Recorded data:
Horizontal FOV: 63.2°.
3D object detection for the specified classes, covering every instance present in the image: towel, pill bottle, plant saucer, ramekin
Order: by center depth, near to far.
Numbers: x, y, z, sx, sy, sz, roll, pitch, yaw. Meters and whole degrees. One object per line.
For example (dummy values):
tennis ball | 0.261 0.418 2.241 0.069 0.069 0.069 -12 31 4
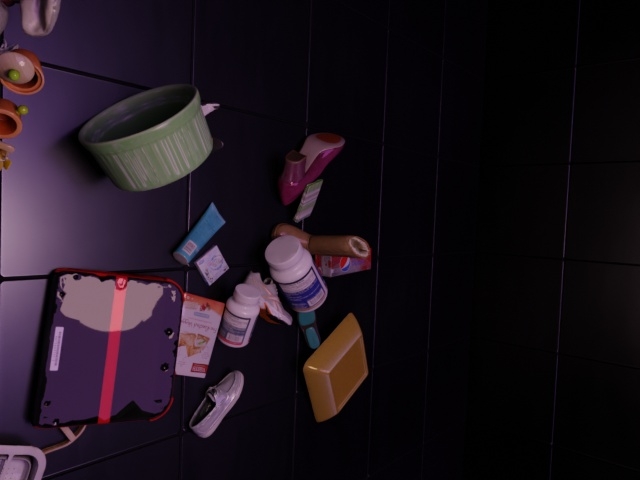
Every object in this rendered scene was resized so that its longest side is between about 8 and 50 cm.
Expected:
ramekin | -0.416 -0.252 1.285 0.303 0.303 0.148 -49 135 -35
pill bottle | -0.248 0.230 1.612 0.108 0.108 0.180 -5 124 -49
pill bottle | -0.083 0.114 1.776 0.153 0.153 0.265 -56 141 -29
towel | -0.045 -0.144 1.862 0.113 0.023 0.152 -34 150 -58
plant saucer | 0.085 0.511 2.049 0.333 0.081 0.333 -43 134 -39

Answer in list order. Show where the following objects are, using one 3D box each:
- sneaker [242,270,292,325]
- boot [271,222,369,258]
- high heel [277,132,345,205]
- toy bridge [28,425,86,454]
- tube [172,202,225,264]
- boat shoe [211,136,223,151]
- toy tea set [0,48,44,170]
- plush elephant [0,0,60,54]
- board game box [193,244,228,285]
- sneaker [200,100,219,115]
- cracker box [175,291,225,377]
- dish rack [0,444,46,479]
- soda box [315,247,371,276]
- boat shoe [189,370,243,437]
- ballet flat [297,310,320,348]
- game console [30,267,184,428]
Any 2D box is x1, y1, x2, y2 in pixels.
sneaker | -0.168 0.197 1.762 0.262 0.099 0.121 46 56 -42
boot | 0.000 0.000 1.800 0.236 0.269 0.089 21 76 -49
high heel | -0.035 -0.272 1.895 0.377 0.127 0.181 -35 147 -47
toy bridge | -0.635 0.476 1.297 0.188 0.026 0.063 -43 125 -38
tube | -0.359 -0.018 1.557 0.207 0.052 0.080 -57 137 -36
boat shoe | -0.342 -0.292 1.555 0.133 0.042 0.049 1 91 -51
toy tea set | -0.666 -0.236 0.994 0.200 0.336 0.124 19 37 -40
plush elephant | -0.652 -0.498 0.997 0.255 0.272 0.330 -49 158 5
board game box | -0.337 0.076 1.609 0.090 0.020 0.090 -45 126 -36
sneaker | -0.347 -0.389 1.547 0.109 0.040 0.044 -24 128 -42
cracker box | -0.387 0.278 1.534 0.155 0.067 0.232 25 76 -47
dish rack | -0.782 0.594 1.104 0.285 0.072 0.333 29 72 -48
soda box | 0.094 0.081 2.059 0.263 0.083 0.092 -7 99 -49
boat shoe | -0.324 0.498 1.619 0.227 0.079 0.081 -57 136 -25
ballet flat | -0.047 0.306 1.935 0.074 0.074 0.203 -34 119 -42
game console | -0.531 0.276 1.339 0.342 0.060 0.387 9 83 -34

▶ _THE PROBLEM_:
A faithful copy is needed: reproduce all of the data above, leaving the pictures out.

▶ _EXPECTED ANSWER_:
Horizontal FOV: 63.2°.
3D object detection for the specified classes, covering every instance present in the image: towel, pill bottle, plant saucer, ramekin
Order: by center depth, near to far.
Numbers: x, y, z, sx, sy, sz, roll, pitch, yaw. Meters and whole degrees. One object per line.
For example (dummy values):
tennis ball | 0.261 0.418 2.241 0.069 0.069 0.069 -12 31 4
Every object in this rendered scene was resized so that its longest side is between about 8 and 50 cm.
Expected:
ramekin | -0.416 -0.252 1.285 0.303 0.303 0.148 -49 135 -35
pill bottle | -0.248 0.230 1.612 0.108 0.108 0.180 -5 124 -49
pill bottle | -0.083 0.114 1.776 0.153 0.153 0.265 -56 141 -29
towel | -0.045 -0.144 1.862 0.113 0.023 0.152 -34 150 -58
plant saucer | 0.085 0.511 2.049 0.333 0.081 0.333 -43 134 -39

Answer in list order. Show where the following objects are, using one 3D box each:
- sneaker [242,270,292,325]
- boot [271,222,369,258]
- high heel [277,132,345,205]
- toy bridge [28,425,86,454]
- tube [172,202,225,264]
- boat shoe [211,136,223,151]
- toy tea set [0,48,44,170]
- plush elephant [0,0,60,54]
- board game box [193,244,228,285]
- sneaker [200,100,219,115]
- cracker box [175,291,225,377]
- dish rack [0,444,46,479]
- soda box [315,247,371,276]
- boat shoe [189,370,243,437]
- ballet flat [297,310,320,348]
- game console [30,267,184,428]
Any 2D box is x1, y1, x2, y2 in pixels.
sneaker | -0.168 0.197 1.762 0.262 0.099 0.121 46 56 -42
boot | 0.000 0.000 1.800 0.236 0.269 0.089 21 76 -49
high heel | -0.035 -0.272 1.895 0.377 0.127 0.181 -35 147 -47
toy bridge | -0.635 0.476 1.297 0.188 0.026 0.063 -43 125 -38
tube | -0.359 -0.018 1.557 0.207 0.052 0.080 -57 137 -36
boat shoe | -0.342 -0.292 1.555 0.133 0.042 0.049 1 91 -51
toy tea set | -0.666 -0.236 0.994 0.200 0.336 0.124 19 37 -40
plush elephant | -0.652 -0.498 0.997 0.255 0.272 0.330 -49 158 5
board game box | -0.337 0.076 1.609 0.090 0.020 0.090 -45 126 -36
sneaker | -0.347 -0.389 1.547 0.109 0.040 0.044 -24 128 -42
cracker box | -0.387 0.278 1.534 0.155 0.067 0.232 25 76 -47
dish rack | -0.782 0.594 1.104 0.285 0.072 0.333 29 72 -48
soda box | 0.094 0.081 2.059 0.263 0.083 0.092 -7 99 -49
boat shoe | -0.324 0.498 1.619 0.227 0.079 0.081 -57 136 -25
ballet flat | -0.047 0.306 1.935 0.074 0.074 0.203 -34 119 -42
game console | -0.531 0.276 1.339 0.342 0.060 0.387 9 83 -34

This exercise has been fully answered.